As OC and Pac square off, the crowd is already chanting "Holy Shit!" They're on board with OC's bit, and they're playing into the absurdity.


The unchanging bit for every OC appearance on AEW TV up until (and past) this point is his signature taunt: he lifts his hands high, before shoving them in his pockets. The audience vocalizes their anticipation of the move like they're watching a high wire circus act.


Pac grabs OC's wrists. No more jokes, no more bits. This sets off a chain of wrestling holds that ends with OC evading, countering and flipping Pac on his back. Pac plays this moment, and the whole match as OC's pissed-off foil to perfection. Stunned, bewildered, enraged to be bested by this joke of a wrestler, he is Daffy Duck to OC's Bugs Bunny.


This is when business would normally pick up. Pac lunges with a clothesline, OC ducks. He should be running to the ropes, but he takes one soft step. They slowly turn to face each other again. Barely anything has happened. The audience chants and claps: "This is awesome." Do you know how much work wrestlers normally have to do to get the audience to chant like that?


If "hands in pockets" is OC's Number 1 bit, "Kicks of doom" is 1B. Lightly tapping at Pac's shins with his feet as the audience reacts like witnessing bloody murder.

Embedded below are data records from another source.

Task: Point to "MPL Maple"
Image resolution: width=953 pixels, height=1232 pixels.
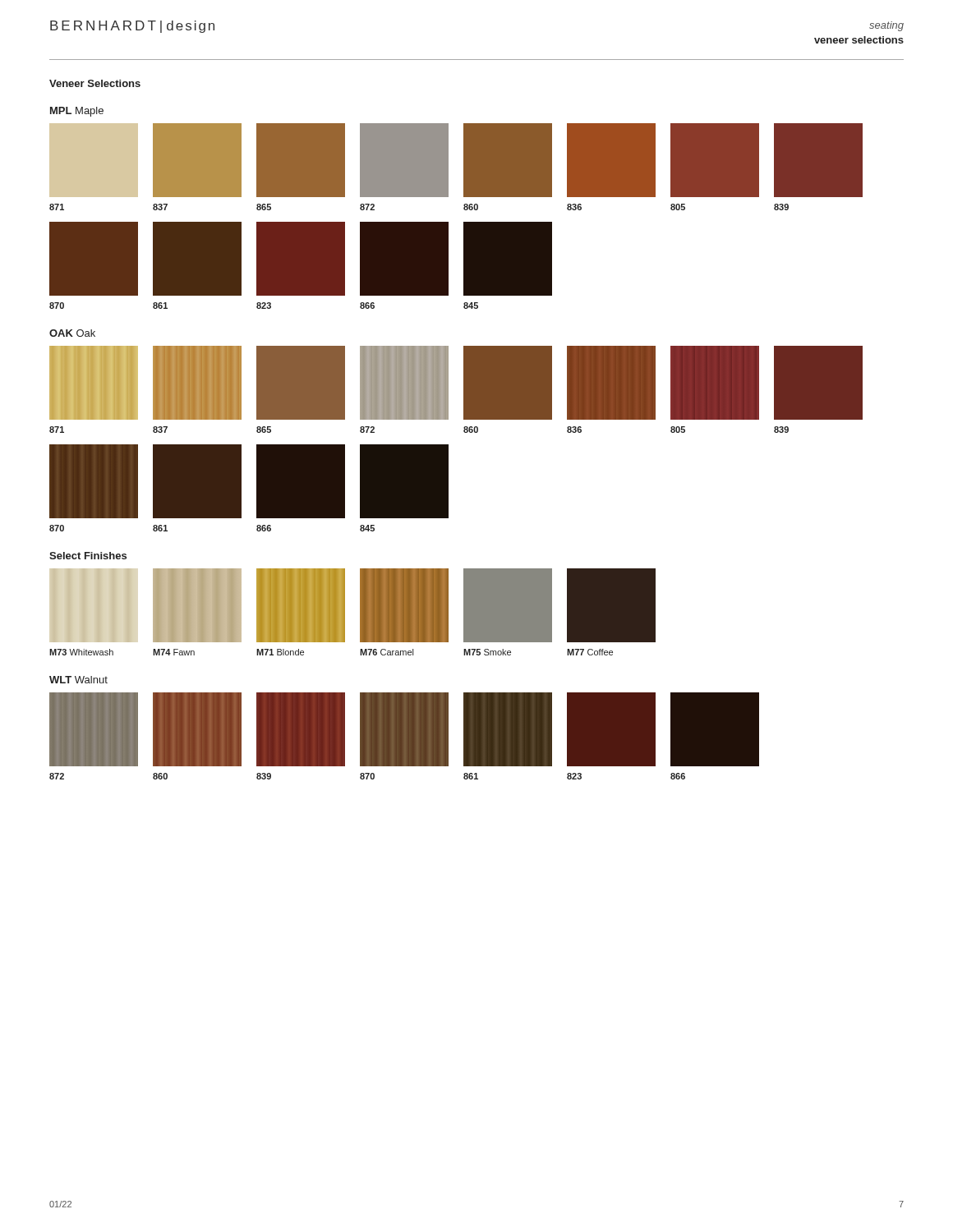Action: pos(77,111)
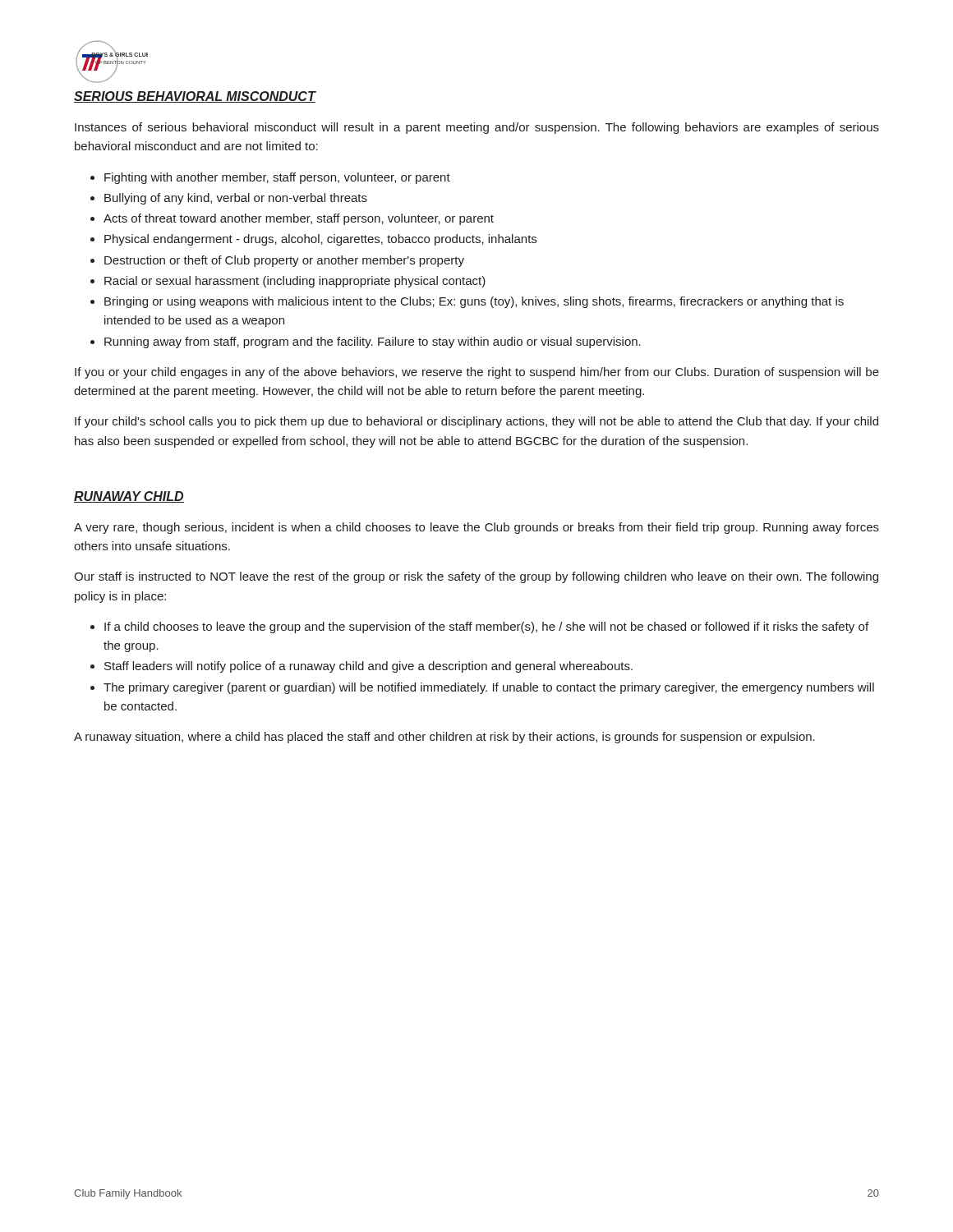Screen dimensions: 1232x953
Task: Click on the region starting "A runaway situation, where"
Action: click(445, 736)
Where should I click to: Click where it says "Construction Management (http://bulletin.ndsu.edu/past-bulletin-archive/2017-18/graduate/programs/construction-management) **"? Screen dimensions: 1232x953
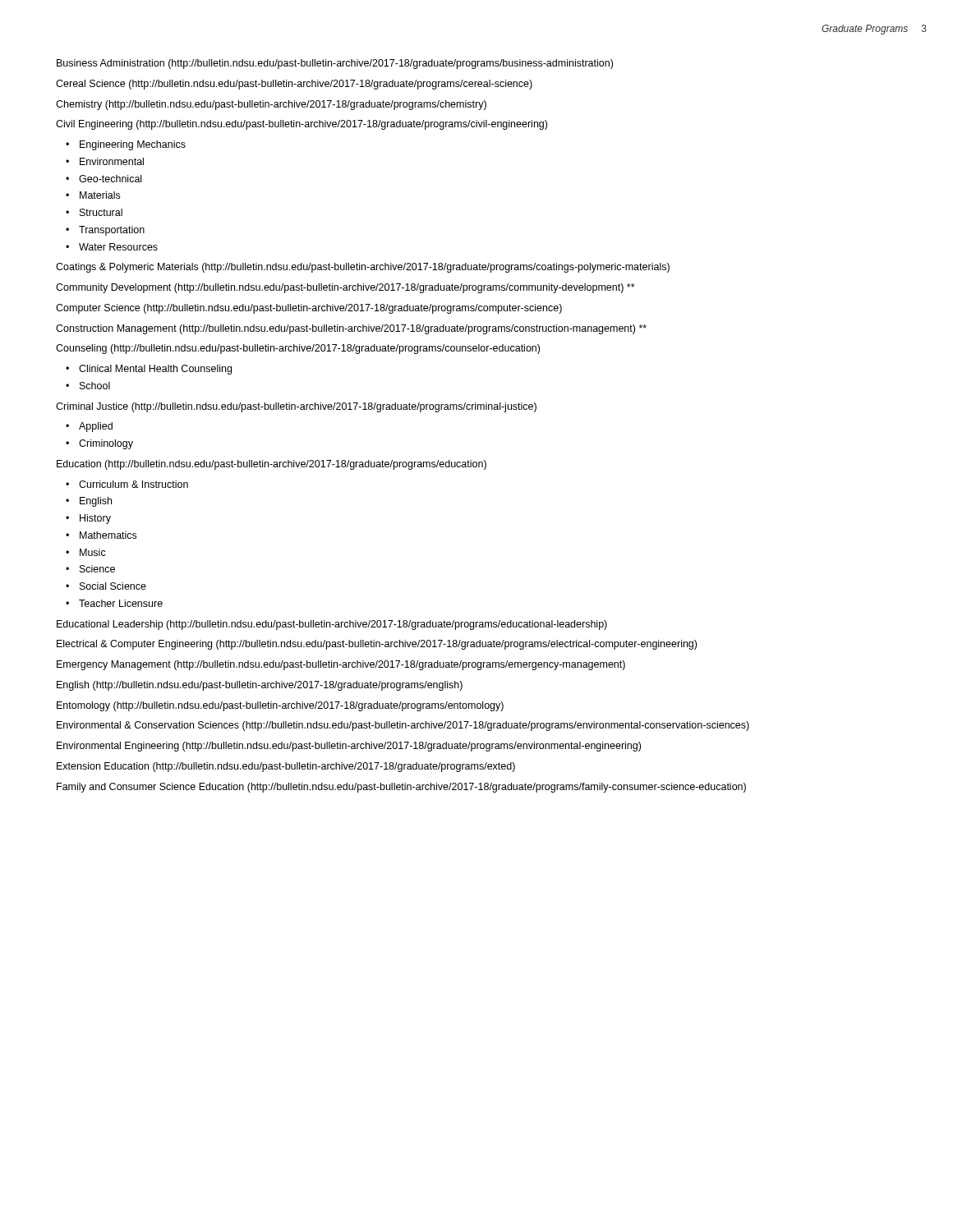pos(351,328)
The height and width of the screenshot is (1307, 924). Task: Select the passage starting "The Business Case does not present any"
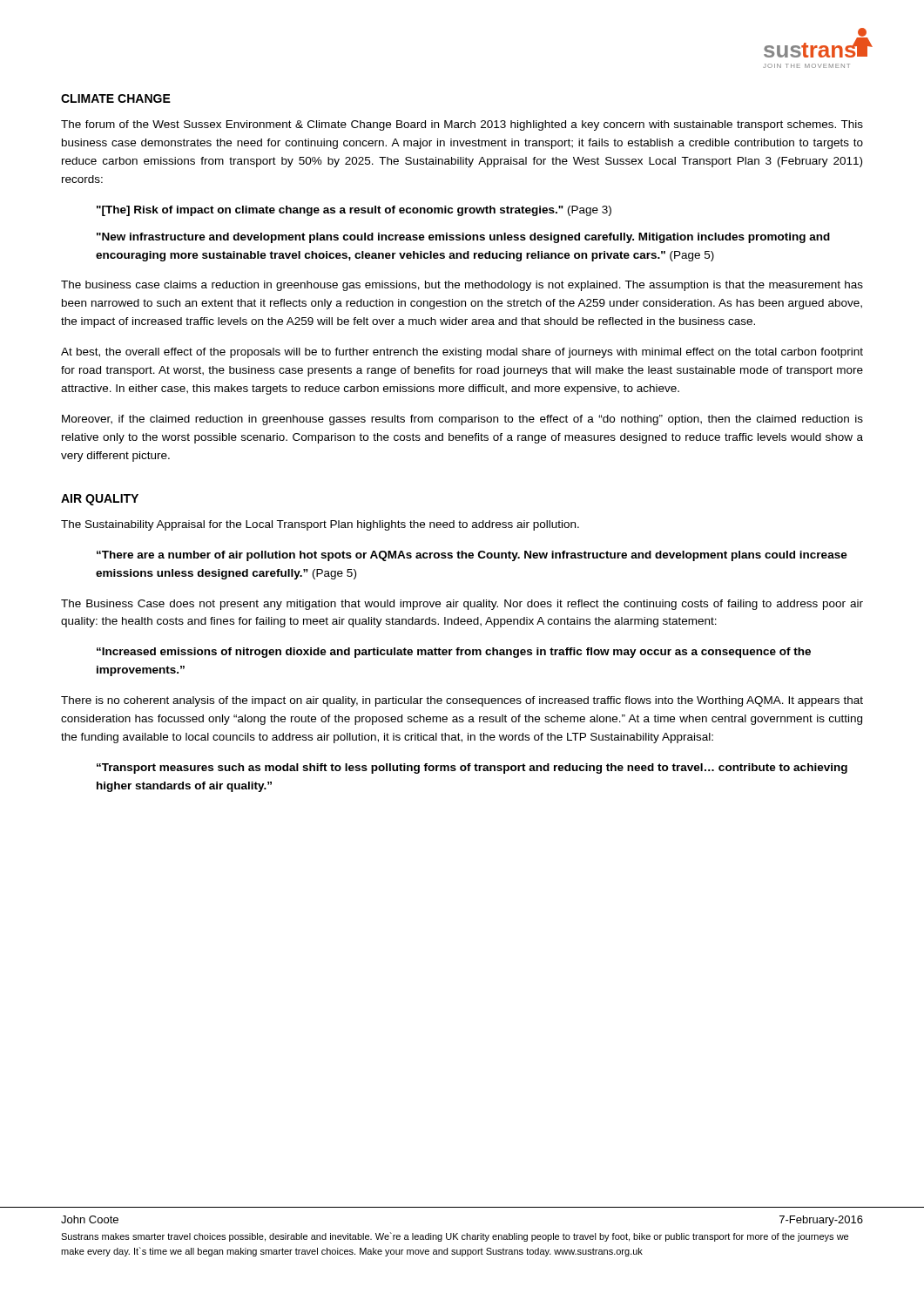pyautogui.click(x=462, y=612)
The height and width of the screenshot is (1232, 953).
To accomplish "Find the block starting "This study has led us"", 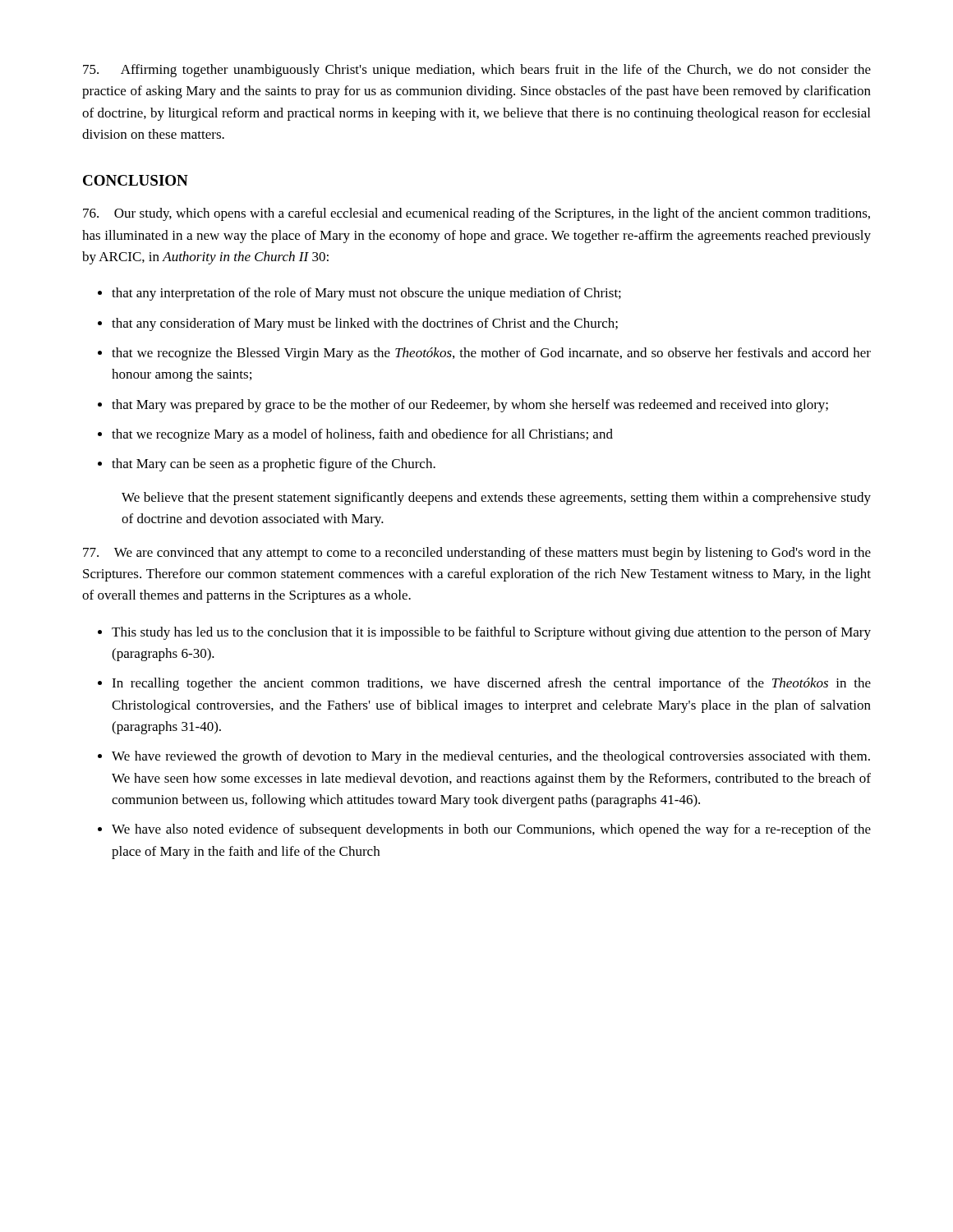I will pyautogui.click(x=491, y=642).
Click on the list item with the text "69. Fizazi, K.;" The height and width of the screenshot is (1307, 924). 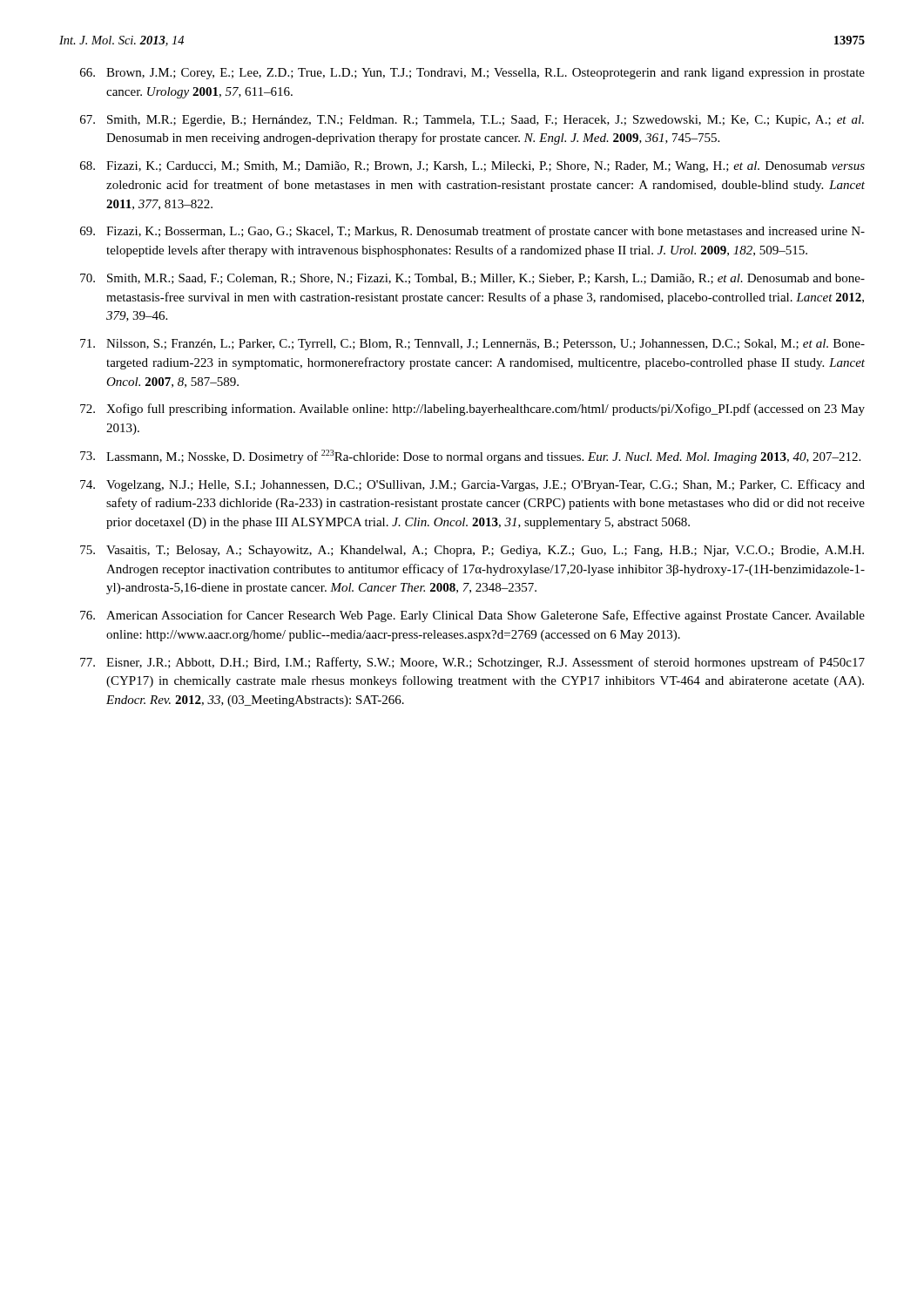(462, 241)

And for the first time, in a transcendent comedic moment, Pac retaliates in kind. The audience is whipping themselves into a frenzy, playing into a new reality.


Pac shoves OC to the mat. OC awkwardly, slowly returns to standing. Pac whips OC into the ropes. OC ducks two clotheslines and avoids a back body drop with a handless rolling dive, gets up, dropkicks Pac to the floor, kips up and spins to pose to the camera. The crowd goes wild! OC is on the offensive. He runs the ropes again, counters Pac's hip toss with a lucha libre armdrag. His hands are still in his pockets!


It's the ideal star-making, tone-setting performance for OC's first match. Seconds later, Pac flips OC and slams our hero's back down onto The Bastard's knee. This sets in motion a different rhythm that plays for most of this match. Pac systematically dismantles Orange Cassidy, but can't put the underdog away.


Clown is casually thrown around as something derisive, a dismissal. "This clown doesn't know what he's doing." But like wrestling, clowning an art that transcends when the performers handle the technique to a masterful degree. The choreography is invisible to an audience that hasn't been smartened up to the storytelling scaffolding.


A big reason why OC works so well as a character is because his character creates sympathy and intrigue, but he then puts on killer matches that aren't reliant on his bits. He is consistently putting on technically sound, captivating matches. His original, endearing character comedy is the seasoning that makes him unforgettable.


I guess this is where we have to talk about "selling." It's wrestler speak for, how do I put this, selling the reality of the story. When these guys are performing the idea of punching each other, they sell the punch by acting hurt. When they slam each other on their backs, they twist their faces and put their hands on their necks and say "ahhh!" That's selling danger, the pain, the agony.


The combination of the comedy at the top of the match, plus Orange Cassidy selling the hell out of Pac's brutal offense for the following ten minutes creates the perfect environment for the crowd to eat up one final signature comedic underdog subversion at the match's crescendo:


It's a clown bit, so much so that even Pac as the spiteful Authority Clown, the sketch comedy Straight Man, has to acknowledge the standing ovation. It's even a bit of character-based observational humor for the wrestling nerd. "Yeah, why doesn't anybody just roll out of the ring like that?"